In a Division I proposal, an insolvent person attempts to work out a compromise to repay the insolvent person’s debts. A proposal, if accepted and performed, will typically provide creditors with a better recovery than might otherwise be achieved through the debtor’s bankruptcy. The debtor also stands to benefit since, unlike a bankruptcy, the proposal allows an insolvent person to gain temporary financial shelter so as to reorganize their financial affairs. For a corporate debtor, a successful proposal may allow it to re-emerge at the end of the proposal with its business operations still intact.

Filing the proposal

As with a bankruptcy, an insolvent person looking to make a proposal must work with a Licensed Insolvency Trustee (LIT). The LIT on behalf of the debtor will file the proposal itself or, more typically in the case of a corporation, will file a notice of intention to make a proposal with the Office of the Superintendent of Bankruptcy (OSB). The initial filing imposes a stay on creditors such that they may not commence or continue legal action to enforce their claims against the debtor.

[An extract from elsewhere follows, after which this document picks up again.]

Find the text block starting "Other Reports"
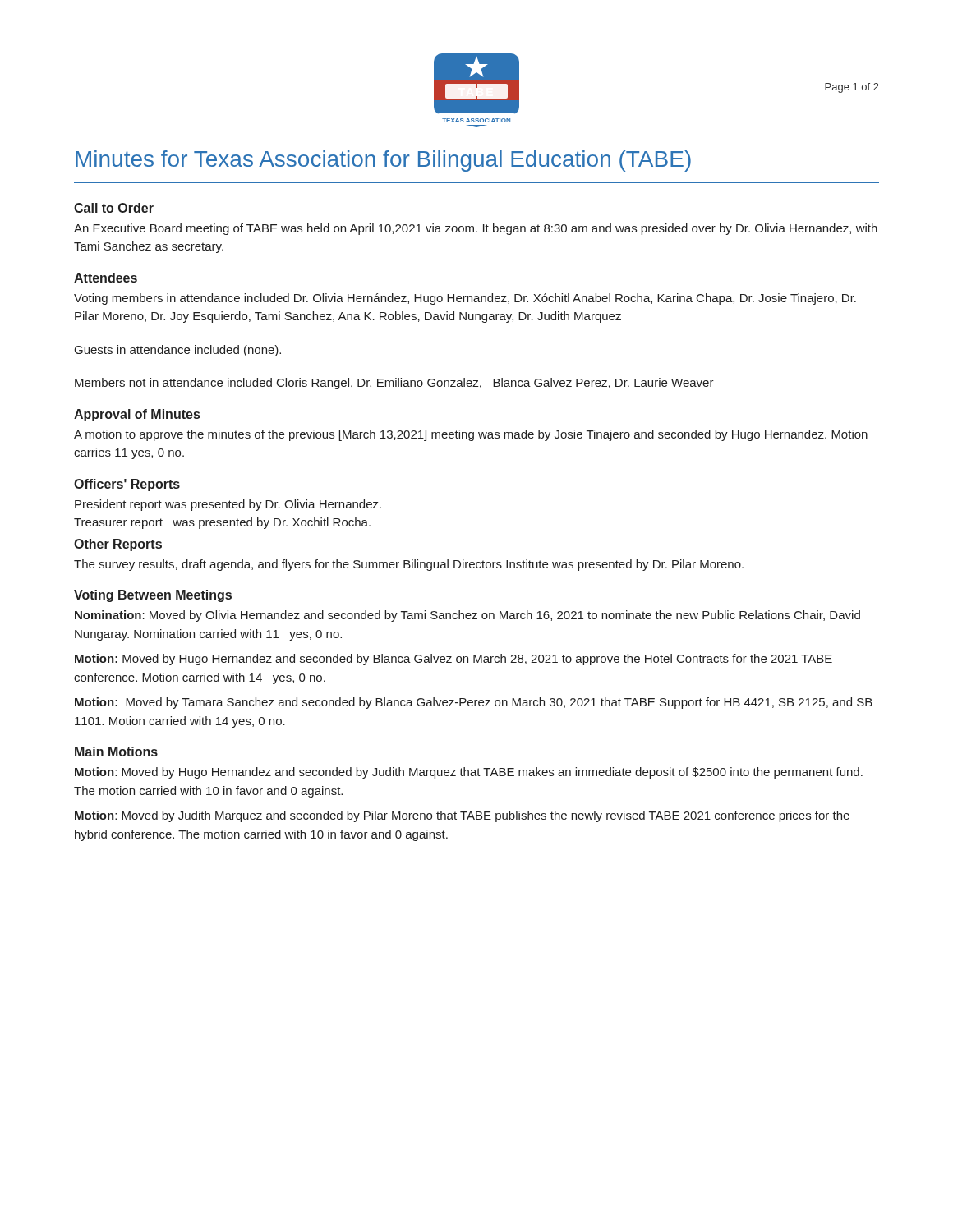The image size is (953, 1232). (118, 545)

Within five days following the filing, the LIT will notify creditors of the filing. In the case of a notice of intention, the proposal itself must be filed with the OSB within 30 days of a notice of intention, unless within that 30 day period the debtor makes an application to the court for an order extending the time for filing the proposal. Additional extensions may be applied for in appropriate situations.

Meeting of creditors

After the proposal has been filed, the creditors meet to vote on it. The proposal must be approved by a majority in number and two thirds in value of the unsecured creditors of each class. If a proposal is also made to secured creditors, then the secured creditors must also approve the proposal to them with the same majorities of number and value of claims. If approved by unsecured creditors, the proposal will then be presented to the court for review and approval. Approval by secured creditors is not a condition for presentation to the court.

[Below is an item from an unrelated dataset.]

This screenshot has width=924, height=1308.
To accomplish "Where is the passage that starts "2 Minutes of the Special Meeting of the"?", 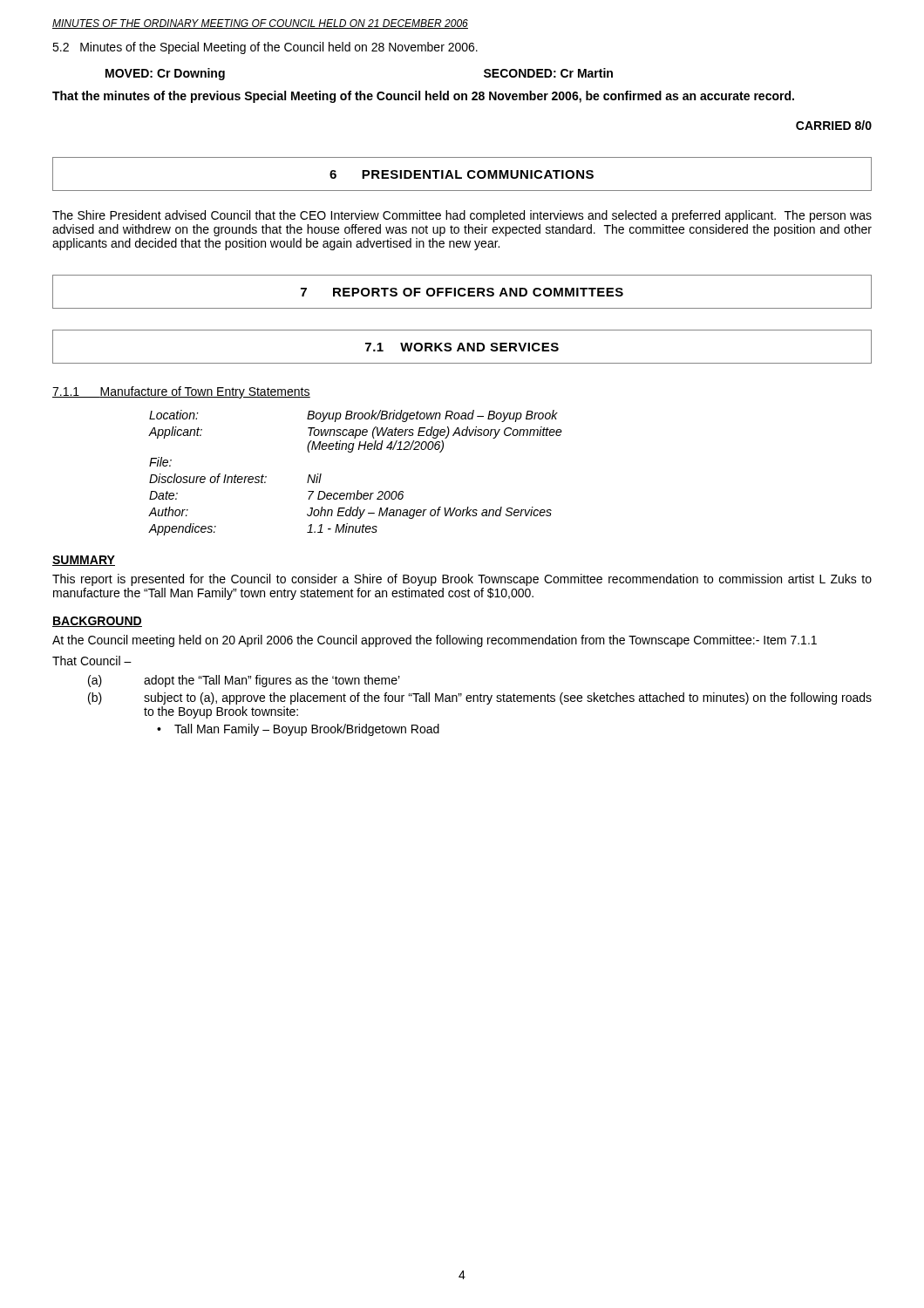I will [x=265, y=47].

Should the unsecured creditors or the Court refuse to approve the proposal, the debtor will be deemed to have made an assignment in bankruptcy. If all required approvals are obtained, the proposal becomes legally binding on both the debtor and unsecured creditors, as well as on any secured creditors who were made a party to the proposal if the required majority of secured creditors of the class voted in favour of the proposal.

Performance and release

Following approval, the debtor will make payments to creditors through the LIT in accordance with the provisions detailed in the proposal, and perform any other obligations that may have been stated in the proposal. Debts incurred after the proposal or notice of intention was filed are not subject to its provisions and will paid by the debtor in the normal course of the debtor’s business.

Should the debtor fail to perform the proposal in accordance with the terms, one or more creditors may apply to the court to have the proposal annulled in which case, the debtor will be deemed to have made an assignment in bankruptcy.

The proposal will be satisfied once the debtor’s obligations under the proposal have been completed. The LIT will then issue a certificate of full performance thereby releasing the debtor from debts covered under the proposal.

Given the risk of immediate bankruptcy if the original proposal is rejected by creditors, the importance of developing a sound proposal from the outset cannot be overstated. Insolvent persons, in particular corporations, are therefore wise to work in collaboration with an experienced insolvency lawyer to ensure that their proposal stands the best chance of acceptance by creditors.